Some universities have announced that spelling and grammar (i.e. morphology and syntax) are not all that important, but quality of thought is. Up to a point, Lord Copper.
Ancient Greeks were fascinated by language and invented much of the terminology in which we still talk about it. Protagoras (5th century bc) first classified nouns as masculine, feminine and ‘things’ (neuter). Aristotle (4th c. bc) defined articles, nouns, conjunctions and verbs, and talked of vowels, consonants, syllables and inflections as well as groups of words producing a collective meaning (‘utterance’), noting that ‘there can be utterance without verbs’. Dionysius from Thrace (2nd c. bc) divided nouns into cases (nominative, vocative, etc.), and singular and plural.
They also argued intensely about words and word-formation. Apollonius ‘Duskolos’ (‘Grouch’, 2nd c. ad) pointed out that traditional orthography demonstrated that there were historical reasons behind word-formation and spelling. These generated rules, from which one could identify spelling errors. Without rules, one could not do that. This, he argued, also applied to the meaning of words, i.e. there was such a thing as right and wrong usage.
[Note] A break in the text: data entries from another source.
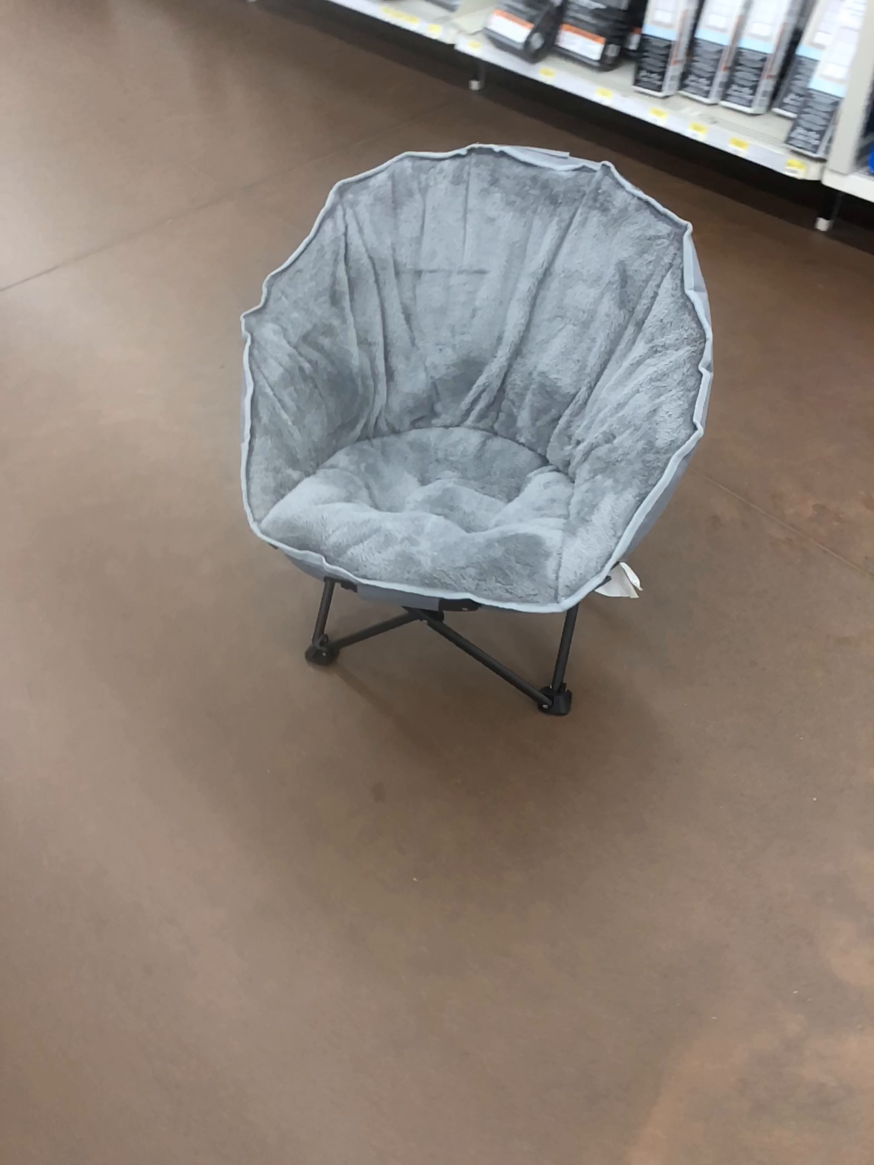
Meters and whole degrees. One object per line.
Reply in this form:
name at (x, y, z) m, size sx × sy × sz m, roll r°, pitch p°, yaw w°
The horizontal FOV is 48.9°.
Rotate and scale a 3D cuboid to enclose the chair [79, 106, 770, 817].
chair at (0.048, -0.179, 1.209) m, size 0.570 × 0.528 × 0.632 m, roll 11°, pitch 49°, yaw 13°
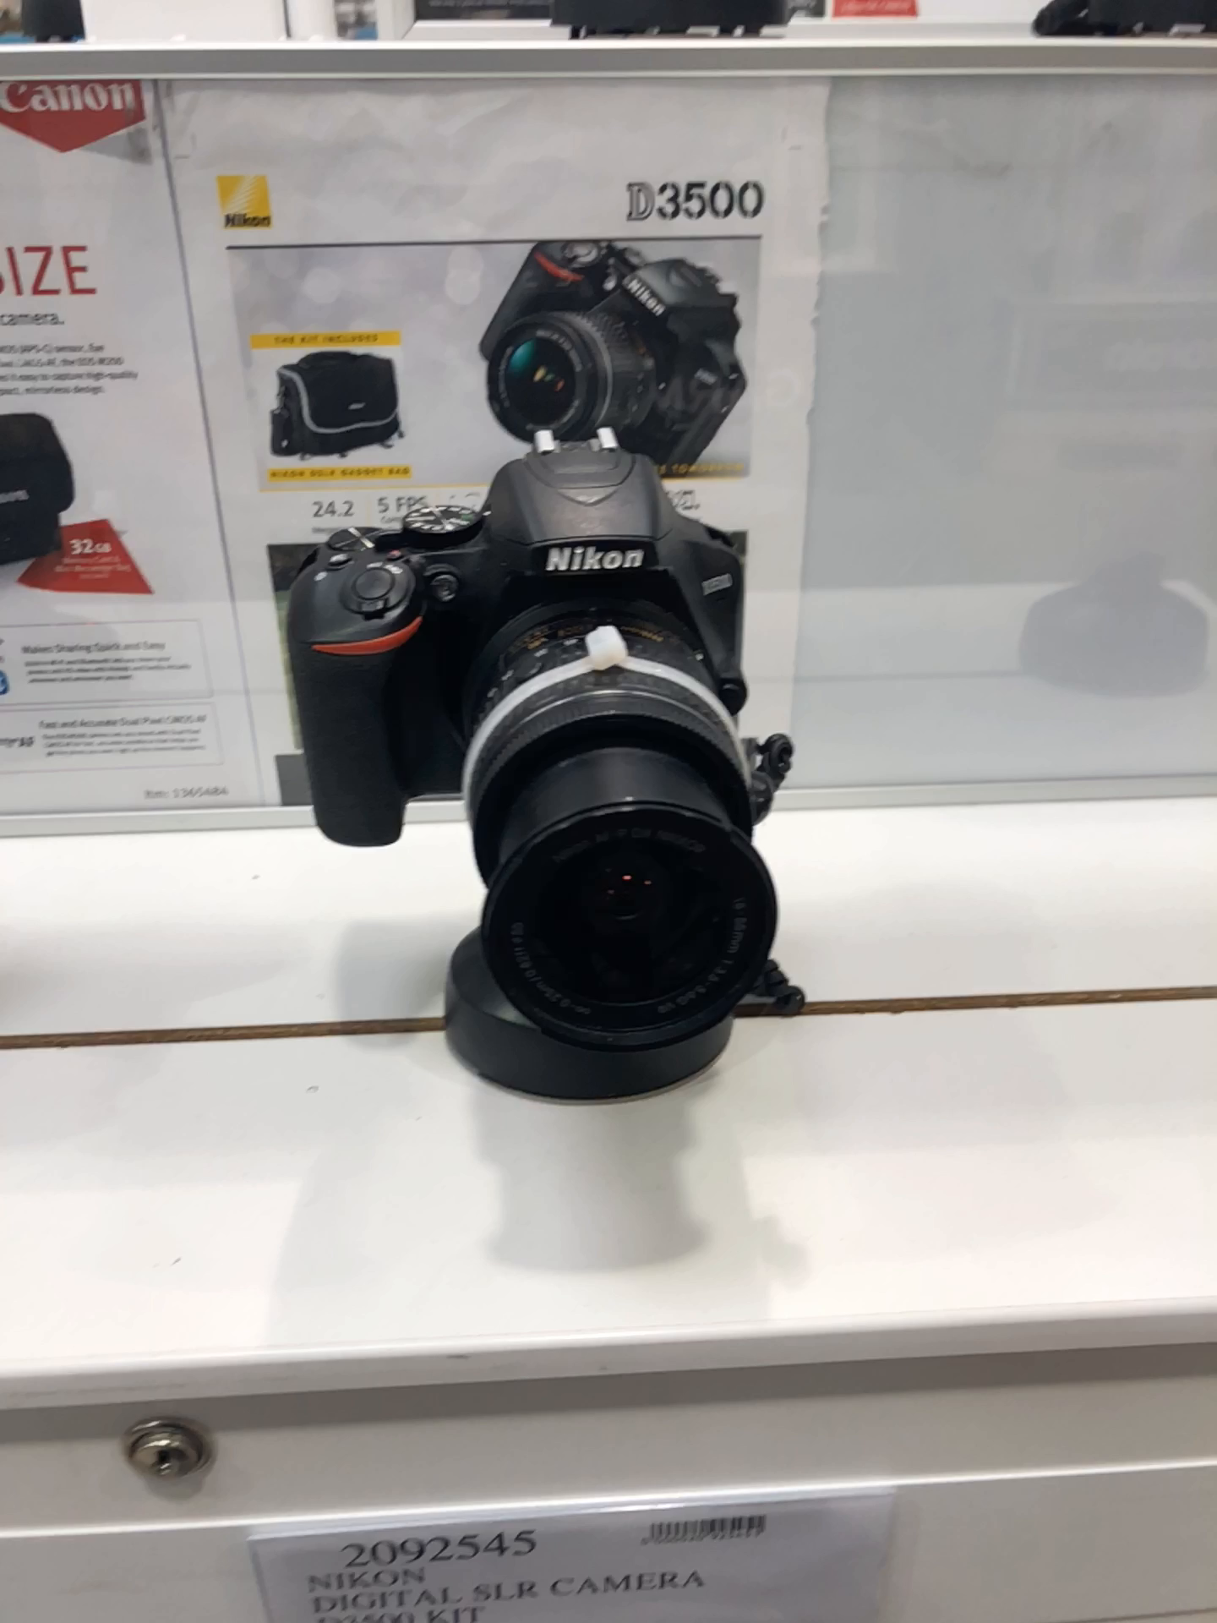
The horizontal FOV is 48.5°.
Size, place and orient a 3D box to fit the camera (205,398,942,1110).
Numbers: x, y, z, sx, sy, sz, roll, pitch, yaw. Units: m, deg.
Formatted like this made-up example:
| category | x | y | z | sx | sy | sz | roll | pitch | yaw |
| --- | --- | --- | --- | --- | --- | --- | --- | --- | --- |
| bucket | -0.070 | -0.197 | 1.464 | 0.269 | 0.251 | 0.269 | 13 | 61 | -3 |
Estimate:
| category | x | y | z | sx | sy | sz | roll | pitch | yaw |
| --- | --- | --- | --- | --- | --- | --- | --- | --- | --- |
| camera | -0.016 | -0.032 | 0.365 | 0.140 | 0.110 | 0.191 | -4 | 29 | -6 |
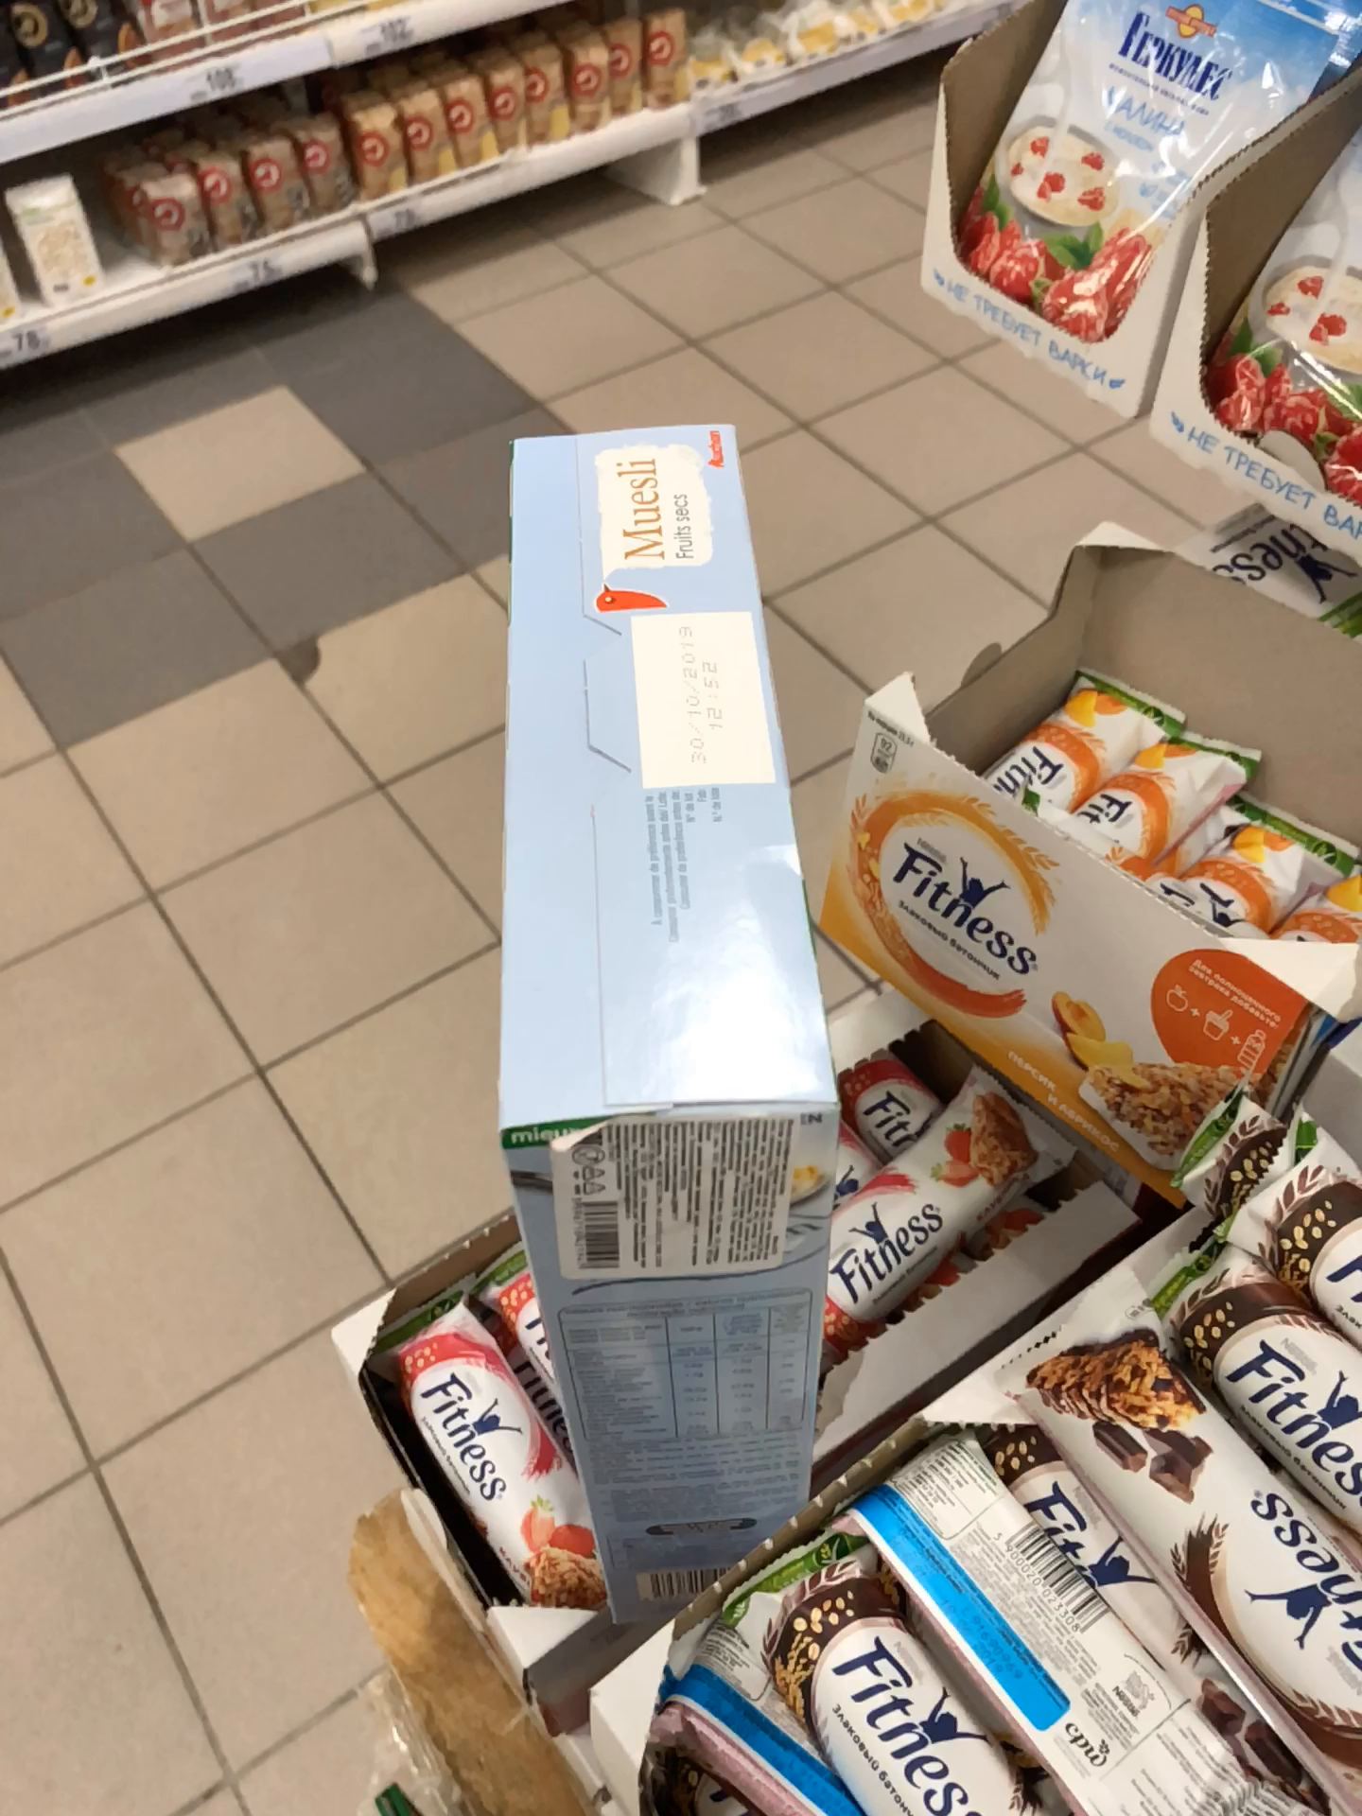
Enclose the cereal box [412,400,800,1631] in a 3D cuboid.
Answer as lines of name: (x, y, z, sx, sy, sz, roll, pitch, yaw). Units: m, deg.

Exceptions, as ever, simply proved that rules existed.
The consequence of this focus is that the education system was dominated by mastering words: syllables and endings (morphology), pronunciation, meaning, spelling and reciting. Get those right and you were on the way to becoming a master of the spoken word. Syntax, i.e. rules of sentence structure, was a post-classical invention. It was irrelevant to writing beautifully.
Where does that leave the universities? They look to develop clarity and precision of thought. Spelling is a convention (Latin conuenio, ‘I agree’); so, for the most part, are the meanings of words. They represent agreed standards. To get them wrong suggests a lack of precision.